HTTP **resources** are identified and located on the network by Uniform Resource Locators (URLs), using the Uniform Resource Identifiers (URI's) schemes `http` and `https`. 

A URI is a string of characters used to identify a resource. The most common form of URI is the Uniform Resource Locator (URL), frequently referred to informally as a **web address**.

A typical URL has the form `http://www.example.com/index.html`, which indicates a protocol (`http`), a hostname (`www.example.com`), and a file name (`index.html`).

More specifically, every HTTP URL conforms to the syntax of a generic URI, which is of the form:
```
scheme:[//[user[:password]@]host[:port]][/path][?query][#fragment]
```
This comprises:

* The **scheme**, consisting of a sequence of characters beginning with a letter and followed by any combination of letters, digits, plus (`+`), period (`.`), or hyphen (`-`). Although schemes are case-insensitive, the canonical form is lowercase and documents that specify schemes must do so with lowercase letters. It is followed by a colon (`:`). Examples of popular schemes include `http` or `https`, `ftp`, `mailto` and `file`. 

* Two slashes (`//`): This is required by some schemes and not required by some others. 

* An **authority part**, comprising:
  * An optional authentication section of a **user name** and **password**, separated by a colon, followed by an at symbol (`@`)
  * A **host**, consisting of either a registered name (including but not limited to a hostname), or an IP address. 
  * An optional **port number**, separated from the hostname by a colon
  
* A **path**, which contains data, usually organized in hierarchical form, that appears as a sequence of segments separated by slashes (`/`). Such a sequence may resemble or map exactly to a file system path, but does not always imply a relation to one. 
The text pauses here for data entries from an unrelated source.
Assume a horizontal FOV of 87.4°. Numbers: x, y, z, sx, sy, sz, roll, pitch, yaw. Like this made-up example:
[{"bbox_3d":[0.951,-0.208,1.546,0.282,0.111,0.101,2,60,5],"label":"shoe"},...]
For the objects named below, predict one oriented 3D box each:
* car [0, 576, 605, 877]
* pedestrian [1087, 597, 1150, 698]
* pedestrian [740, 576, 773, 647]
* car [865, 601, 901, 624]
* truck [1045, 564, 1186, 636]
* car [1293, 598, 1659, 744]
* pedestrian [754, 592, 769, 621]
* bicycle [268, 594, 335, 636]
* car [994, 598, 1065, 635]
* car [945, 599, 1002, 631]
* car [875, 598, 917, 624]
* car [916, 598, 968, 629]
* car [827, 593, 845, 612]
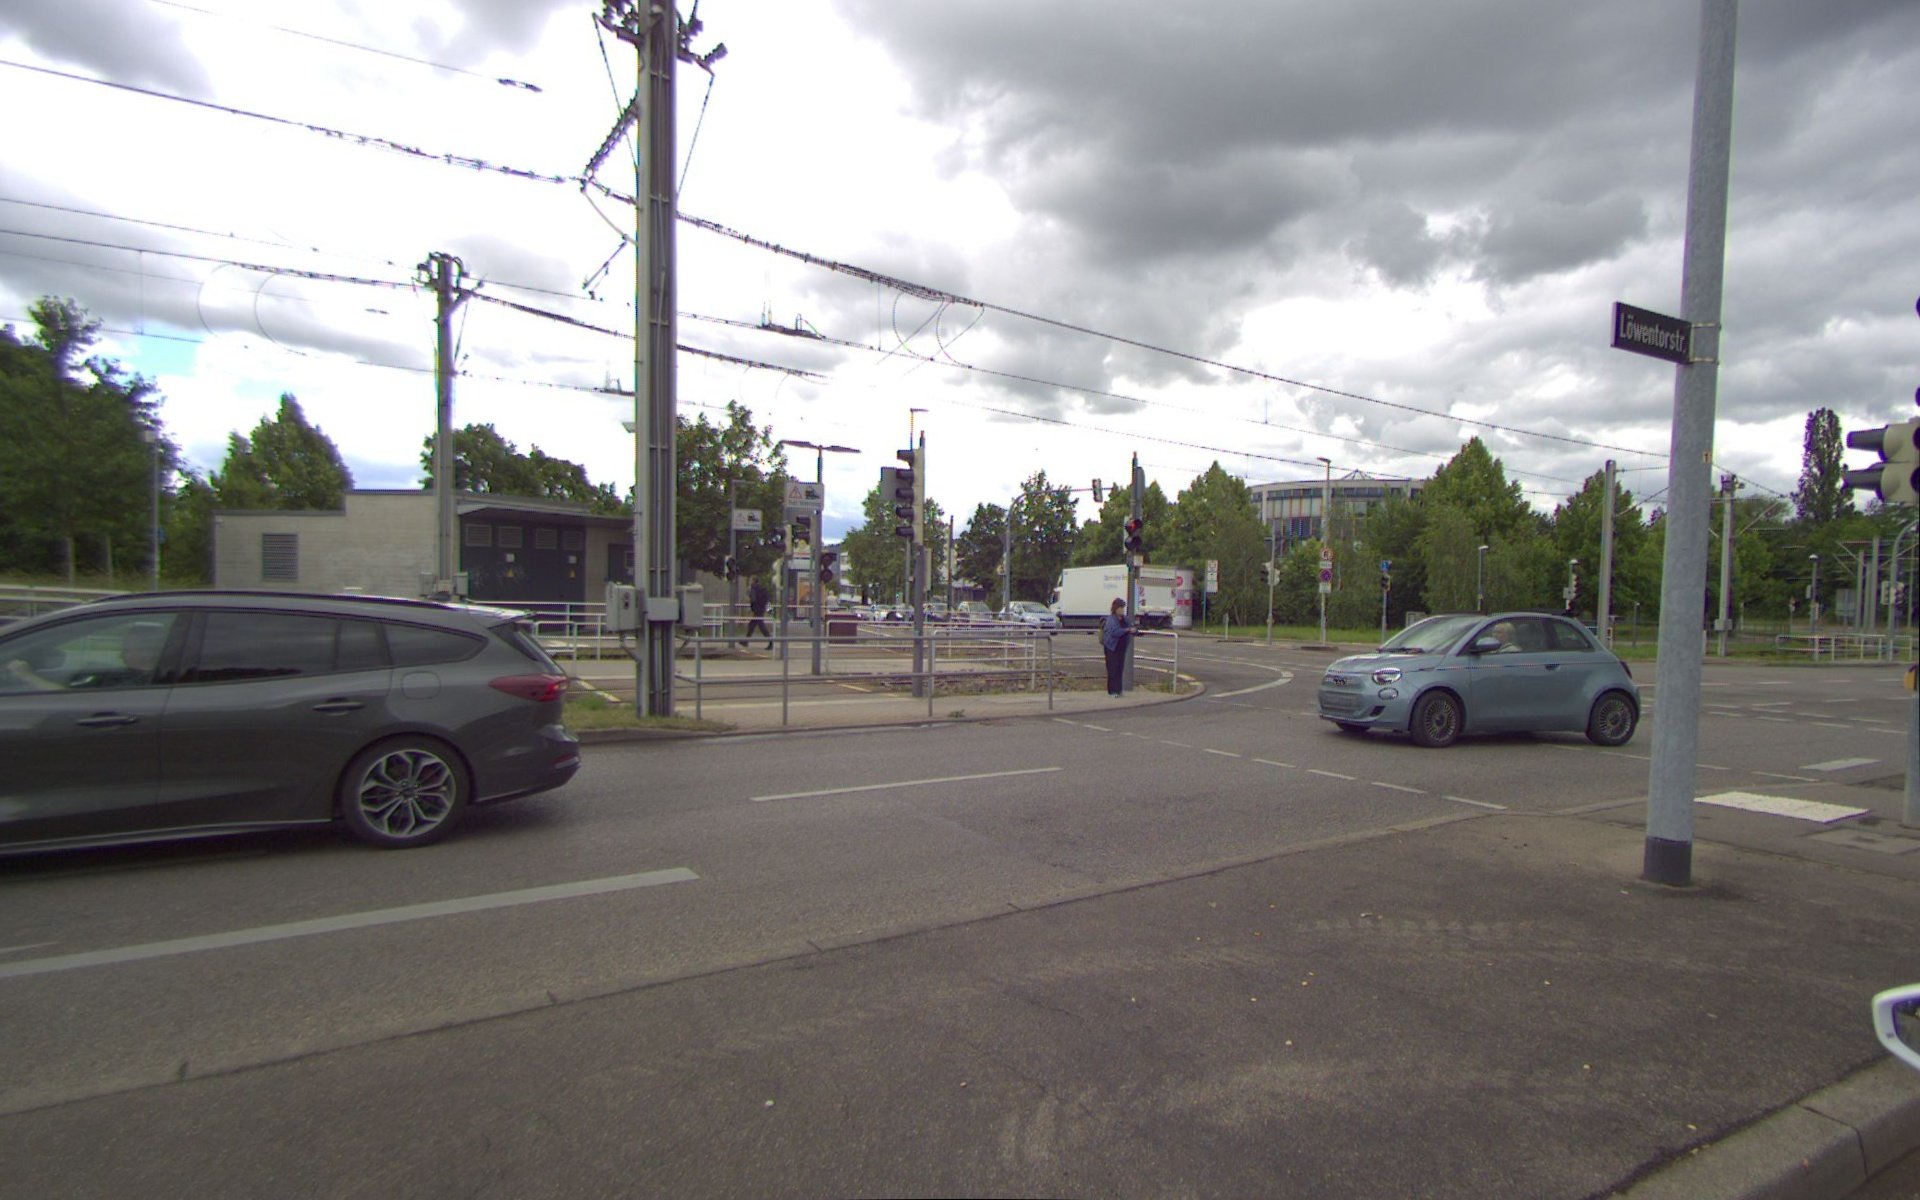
[{"bbox_3d":[-4.568,0.618,5.926,4.382,1.443,1.861,2,0,-31],"label":"car"},{"bbox_3d":[2.513,0.737,15.972,0.712,1.557,0.630,2,0,-33],"label":"pedestrian"},{"bbox_3d":[-5.148,0.300,25.361,0.700,1.751,0.674,2,0,-19],"label":"pedestrian"},{"bbox_3d":[-5.768,0.922,74.896,1.775,1.617,3.985,2,0,-17],"label":"car"},{"bbox_3d":[8.213,-0.022,54.643,2.975,3.580,9.225,1,0,-25],"label":"truck"},{"bbox_3d":[6.050,0.806,11.964,3.537,1.548,1.758,2,0,-11],"label":"car"},{"bbox_3d":[-9.533,0.292,48.339,0.593,1.377,0.614,2,0,-19],"label":"pedestrian"},{"bbox_3d":[-17.420,0.388,26.566,1.778,1.045,0.536,2,0,21],"label":"bicycle"},{"bbox_3d":[3.194,0.730,46.897,1.848,1.617,3.982,2,0,-20],"label":"car"},{"bbox_3d":[0.664,0.791,53.863,1.776,1.617,3.982,2,0,-20],"label":"car"},{"bbox_3d":[-4.317,0.705,67.487,1.776,1.617,3.982,2,0,-20],"label":"car"},{"bbox_3d":[-1.067,0.758,58.036,1.776,1.617,3.982,2,0,-20],"label":"car"},{"bbox_3d":[-14.620,0.286,118.106,1.964,2.218,5.800,1,0,-9],"label":"car"}]

* An optional **query**, separated from the preceding part by a question mark (`?`), containing a query string of non-hierarchical data. Its syntax is not well defined, but by convention is most often a sequence of attribute–value pairs separated by a delimiter (`&` or `;`).

* An optional **fragment**, separated from the preceding part by a hash (`#`). The fragment contains a fragment identifier providing direction to a secondary resource.  When the primary resource is an HTML document, the fragment is often an id attribute of a specific element, and web browsers will scroll this element into view.  The fragment thus is directed towards the client and will not become part of the request sent to the server.